James Bond: ça valait vraiment le coup d’attendre!

Le 25ème Bond de la série, No Time to Die, referme un chapitre de plus de 15 ans et nous réserve deux surprises colossales!

James Bond: ça valait vraiment le coup d’attendre!
D.R.

Cette critique est garantie «sans spoiler» et ce n’est pourtant pas l’envie qui manque de partager les twists que le dernier Bond nous réserve, tant ils sont énormes!

Le pitch

Les services secrets britanniques se sont fait voler une arme redoutable, qui conjugue poison mortel et ADN, par une organisation qui veut en pervertir l’usage et contaminer une bonne partie de la planète. James Bond leur serait bien utile mais cela fait cinq ans qu’il a pris sa retraite, disparu des radars et rompu avec la femme de sa vie (Léa Seydoux) qu’il soupçonnait de trahison. Quand il se rend compte que cette affaire le concerne directement, 007 va reprendre du service.

Une mission qui mélange le travail et le privé

C’est une des caractéristiques de l’ère «Craig»: James Bond ne se contente pas de mouiller la chemise pour sauver le monde, il doit aussi gérer ses émotions et son histoire personnelle. De Casino Royale à No Time To Die, en passant par Spectre, les scénaristes agrémentent les aventures de 007 de secrets de famille et de véritables histoires d’amour. Cette fois, c’est dans le passé du personnage joué par Léa Seydoux que l’on va trouver des clés pour comprendre l’histoire.
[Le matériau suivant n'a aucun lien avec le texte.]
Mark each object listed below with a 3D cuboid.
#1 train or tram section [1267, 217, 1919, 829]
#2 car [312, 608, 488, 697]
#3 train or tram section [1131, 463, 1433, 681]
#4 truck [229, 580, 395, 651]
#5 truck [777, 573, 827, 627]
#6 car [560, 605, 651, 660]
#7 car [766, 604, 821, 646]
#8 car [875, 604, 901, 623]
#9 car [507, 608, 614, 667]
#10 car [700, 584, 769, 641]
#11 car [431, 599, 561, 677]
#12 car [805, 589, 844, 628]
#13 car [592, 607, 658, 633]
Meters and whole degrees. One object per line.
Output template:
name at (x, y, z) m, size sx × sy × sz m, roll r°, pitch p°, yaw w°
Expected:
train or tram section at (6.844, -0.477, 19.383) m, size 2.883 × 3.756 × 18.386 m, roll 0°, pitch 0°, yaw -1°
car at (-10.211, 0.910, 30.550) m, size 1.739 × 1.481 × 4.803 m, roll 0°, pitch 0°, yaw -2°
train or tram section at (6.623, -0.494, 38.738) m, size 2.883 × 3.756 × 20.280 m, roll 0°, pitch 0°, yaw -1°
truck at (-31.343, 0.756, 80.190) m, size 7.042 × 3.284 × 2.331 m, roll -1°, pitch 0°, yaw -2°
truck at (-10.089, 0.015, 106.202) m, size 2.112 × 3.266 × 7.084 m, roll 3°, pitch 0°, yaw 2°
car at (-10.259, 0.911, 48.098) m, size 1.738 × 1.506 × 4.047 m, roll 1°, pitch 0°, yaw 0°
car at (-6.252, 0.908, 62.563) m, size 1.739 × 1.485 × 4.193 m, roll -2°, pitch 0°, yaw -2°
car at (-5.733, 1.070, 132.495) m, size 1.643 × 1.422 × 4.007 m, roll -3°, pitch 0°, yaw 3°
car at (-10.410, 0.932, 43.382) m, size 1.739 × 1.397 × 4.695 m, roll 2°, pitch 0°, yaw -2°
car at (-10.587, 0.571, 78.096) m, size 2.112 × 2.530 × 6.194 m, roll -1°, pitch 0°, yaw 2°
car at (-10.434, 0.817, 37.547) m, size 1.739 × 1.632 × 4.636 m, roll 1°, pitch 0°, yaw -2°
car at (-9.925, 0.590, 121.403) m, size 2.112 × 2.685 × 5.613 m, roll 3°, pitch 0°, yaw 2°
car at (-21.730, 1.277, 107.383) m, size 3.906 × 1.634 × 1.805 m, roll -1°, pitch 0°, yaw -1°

Un scénario qui inverse les schémas

Ce qui est intéressant dans No Time to Die, c’est qu’il est à la fois respectueux de toutes les traditions « bondiennes » (les références visuelles mais aussi musicales parcourent le film) mais qu’il s’ingénie aussi à en prendre le contrepied. C’est ainsi qu’au début du film, Bond reprend du service pour la CIA et qu’il va s’employer à sauver la peau de… son pire ennemi.

Un méchant vraiment réussi

Un Bond sans un ennemi à sa hauteur, c’est comme une vodka Martini sans olive ! Dans le rôle de Lyutsifer Safin, Rami Malek fait oublier très vite le hacker de Mr.Robot ou le Freddie Mercury de Bohemian Rhapsody. Il est à la hauteur des plus tordus de ses prédécesseurs, Javier Bardem en tête. Outre l’interprétation qu’il en donne, proche du serpent venimeux, l’intérêt de ce méchant réside dans les liens secrets qu’il entretient avec l’enfance d’un des personnages principaux.

«007, it’s just a number»

Puisque tout le monde l’a cru mort pendant 5 ans, son matricule a été redistribué à une autre recrue, Nomi interprétée par Lashana Lynch. Cette quasi usurpation d’identité pourrait faire bondir les puristes de la série, si elle n’était pas traitée avec l’humour terriblement british dont les scénaristes ont saupoudré le film. Craig est toujours à la hauteur de sa (sombre) réputation mais, ici ou là, un sourire lui éclaire quand même un coin des lèvres ou le fond de ce regard qu’il a toujours très bleu.

Des coups de théâtre inouïs

Promis, on ne dira rien. Mais sachez que ce No Time to Die risque de vous laisser sans voix. Les scénaristes ont fait fort et signent un film qui restera comme une pièce unique dans l’histoire de la saga, qui nous avait jusqu’ici réservé bien des surprises mais jamais d’aussi puissantes. Avec ce 5ème Bond, Daniel Craig dit définitivement adieu à son personnage. Il tire sa révérence dignement et n’a absolument pas à rougir de ce dernier opus. Mission accomplie, Mister Craig!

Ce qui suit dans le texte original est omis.